Kleinstgruppenvertretung. Dienstag vertrat ich eine meiner Yogakolleginnen in einer offenen Stunde, und durch irgendeine verrückte Fügung waren nur zwei Schülerinnen auf ihren Matten zugegen. Ich bin großer Fan solcher kleinen, sehr privaten Stunden, weil sie viel mehr Raum geben, individuell auf Fragen einzugehen, genau hinzuschauen und (falls gewünscht) Hands-on-Assists zu geben — also: Menschen statt Asanas zu unterrichten. Und so wurde aus der Yogastunde ein recht intensiver Workshop, der im Anschluss nach einem heißen Bad rief. Blöderweise habe ich erstens keine Badewanne — und zweitens habe ich es irgendwie geschafft, mein fahrradverunfalltes Knie wieder zu überlasten. Das sollte ich allerdings erst am nächsten Tag zu spüren bekommen.

Humpelstilzchen. Am Mittwoch Morgen wollte ich in der mir naturgegebenen Art (locker, flockig und beschwingt) die Stufen herab zum Auto traben, scheiterte aber an einem Muskelkater, der sich überaus gewaschen hatte. Das ist kein Wunder, da ich in den letzten Wochen selbst wenig kraftvoll geübt hatte — und wenn ich ehrlich bin, habe ich das brennende Gefühl in den Oberschenkeln mehr als genossen. Glücklicherweise war ich am frühen Abend mit Beginn der nächsten beiden Yogakurse wieder einigermaßen in der Lage, kontrolliert vom Stand in den Schneidersitz zu gelangen, ohne dabei laut „AU!“ rufen zu müssen. So kam ich durchaus glückselig durch zweikommafünf der drei Stunden Unterricht, nur um dann, bämm, besagtem Knie beim Versagen zufühlen zu müssen. Es war fast so, als wäre all die Heilung des letzten halben Jahres nie geschehen, und es mag sein, dass ich mich in diesem Moment am liebsten schmerz- und frustheulend auf den Boden geworfen und mit den Fäusten auf eben diesen eingetrommelt hätte. Aber well, Verantwortung für Neuyogierende und so, also: Durchatmen, sechszehn Seelen zurückführen in die Rückenlage, Savasana ansagen, OM singen und noch ein bisschen Anschlussliebe verteilen, bevor es ans Lecken der Wunde gehen konnte. Ging dann auch schon wieder, zumindest was den Frust angeht.

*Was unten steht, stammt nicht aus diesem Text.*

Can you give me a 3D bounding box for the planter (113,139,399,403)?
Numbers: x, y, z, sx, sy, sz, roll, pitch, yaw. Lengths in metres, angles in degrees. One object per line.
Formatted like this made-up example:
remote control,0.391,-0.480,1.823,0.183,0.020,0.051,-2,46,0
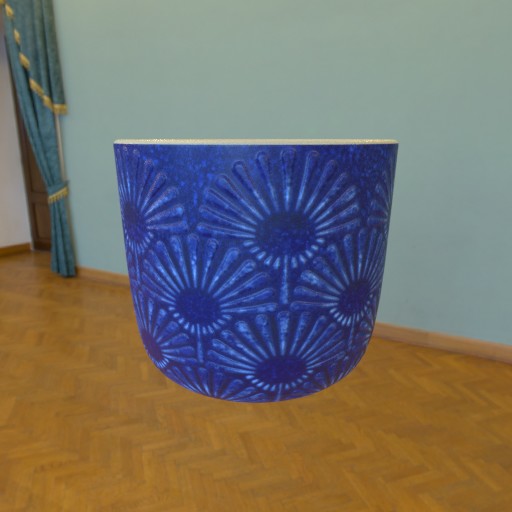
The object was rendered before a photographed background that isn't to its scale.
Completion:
planter,0.000,0.000,0.215,0.124,0.109,0.124,0,15,0
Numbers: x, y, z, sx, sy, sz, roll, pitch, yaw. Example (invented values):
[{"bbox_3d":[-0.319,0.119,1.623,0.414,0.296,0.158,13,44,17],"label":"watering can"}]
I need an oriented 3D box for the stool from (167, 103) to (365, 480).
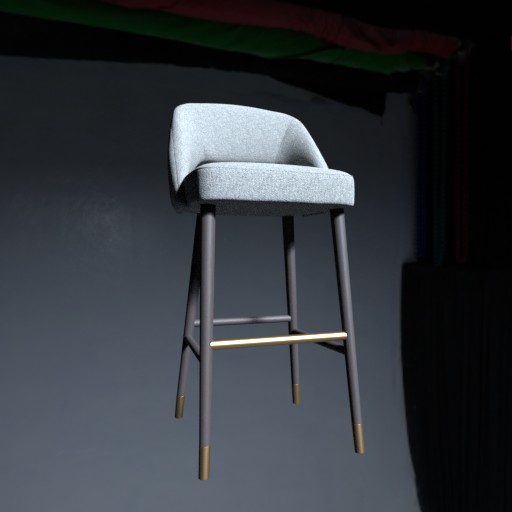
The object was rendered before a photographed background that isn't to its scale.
[{"bbox_3d":[0.000,0.000,1.391,0.536,1.089,0.524,0,1,-19],"label":"stool"}]
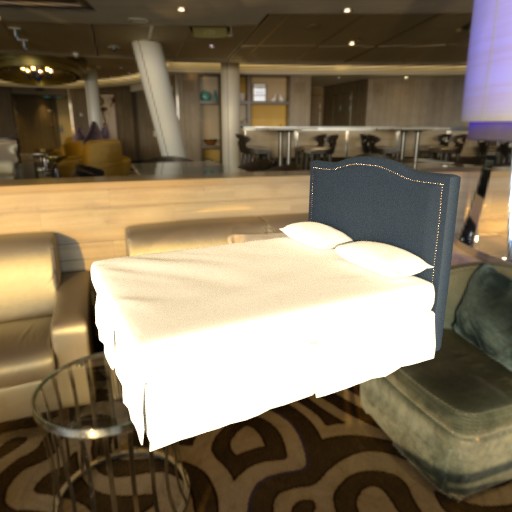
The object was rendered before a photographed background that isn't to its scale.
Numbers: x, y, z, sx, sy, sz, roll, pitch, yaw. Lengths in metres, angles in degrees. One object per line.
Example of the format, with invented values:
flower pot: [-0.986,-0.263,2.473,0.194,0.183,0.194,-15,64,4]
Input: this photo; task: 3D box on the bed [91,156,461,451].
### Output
bed: [0.000,0.000,3.407,2.282,1.436,1.821,-8,18,-26]

Schneeflöckchen, Weißröckchen. Kommen wir zum wahren Star der Woche. Es hat geschneit! IM RHEINLAND! So richtig! Es schneite erst mehrere Stunden und dann über Nacht, mit richtigen, dicken Flocken, die sogar liegen blieben und alles zuckerweiß malten. Es mag sein, dass meine jubelnde Begeisterung für Menschen außerhalb unserer schönen Talsenke nicht ganz nachvollziehbar ist, aber es glich schon einem kleinen Wunder. Einem Wunder, dem man in erster Linie aus dem Verkehrschaos heraus begegnete. An normalen Tagen hätte ich der Szenerie im Home Office gehuldigt — da aber ein wichtiger Termin auch meine körperliche Anwesenheit erforderte, genoss ich die Aussicht eine volle Stunde lang aus dem Stau heraus. Hätte ich noch fünfzehn Minuten draufgelegt, hätte ich auch laufen können, aber Knie. Nun ja.

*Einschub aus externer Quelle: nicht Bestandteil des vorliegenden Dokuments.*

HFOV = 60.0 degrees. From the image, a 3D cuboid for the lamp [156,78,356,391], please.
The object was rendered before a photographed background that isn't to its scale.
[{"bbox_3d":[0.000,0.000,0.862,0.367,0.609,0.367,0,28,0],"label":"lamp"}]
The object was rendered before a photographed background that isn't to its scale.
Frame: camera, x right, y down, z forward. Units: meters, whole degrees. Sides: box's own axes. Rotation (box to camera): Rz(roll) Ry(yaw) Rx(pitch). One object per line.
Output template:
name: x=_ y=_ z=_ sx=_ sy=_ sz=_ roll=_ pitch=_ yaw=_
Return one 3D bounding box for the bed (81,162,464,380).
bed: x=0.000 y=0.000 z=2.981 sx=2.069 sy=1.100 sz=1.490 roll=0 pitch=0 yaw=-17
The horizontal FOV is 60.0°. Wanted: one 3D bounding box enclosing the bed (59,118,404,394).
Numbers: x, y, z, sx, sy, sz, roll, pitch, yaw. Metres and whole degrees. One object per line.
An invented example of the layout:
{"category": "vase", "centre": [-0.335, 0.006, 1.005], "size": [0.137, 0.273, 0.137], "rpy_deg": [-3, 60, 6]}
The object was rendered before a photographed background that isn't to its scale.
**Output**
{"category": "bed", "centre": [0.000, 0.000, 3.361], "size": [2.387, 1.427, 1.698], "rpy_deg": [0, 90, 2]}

Was ich an meinem jetzigen Job vermissen werde, ist unter anderem das wirklich wunderschöne Büro im Dachgeschoss eines alten Wohnhauses, das mir unbedingt auf die letzten Meter mit folgender Aussicht nochmal näher ans Herz wachsen musste:

Und wenn wir gerade dabei sind, darüber zu reden, wie schmerzhaft Abschiede werden können, auch wenn sie notwendig sind: Der Donnerstag hat mir das Herz gebrochen, denn Christian und ich haben das Ende unserer Zusammenarbeit an dem Projekt eingeläutet, das uns nach meinem Wechsel in eine Festanstellung noch einen kleinen Rest unserer geschätzten Bürokollegschaft bewahrt hatte. Christian hat das ganz wunderbar auf den Punkt gebracht:

Ich sags Ihnen: Wenn Sie mit jemandem so richtig gut zusammen arbeiten – so gegenseitig Sätze ergänzend und sich gegenseitig voller Freude zu Höchstleitungen treibend und gleichzeitig mit unfassbar viel gemeinsamem Spaß – dann nehmen Sie das nicht für selbstverständlich.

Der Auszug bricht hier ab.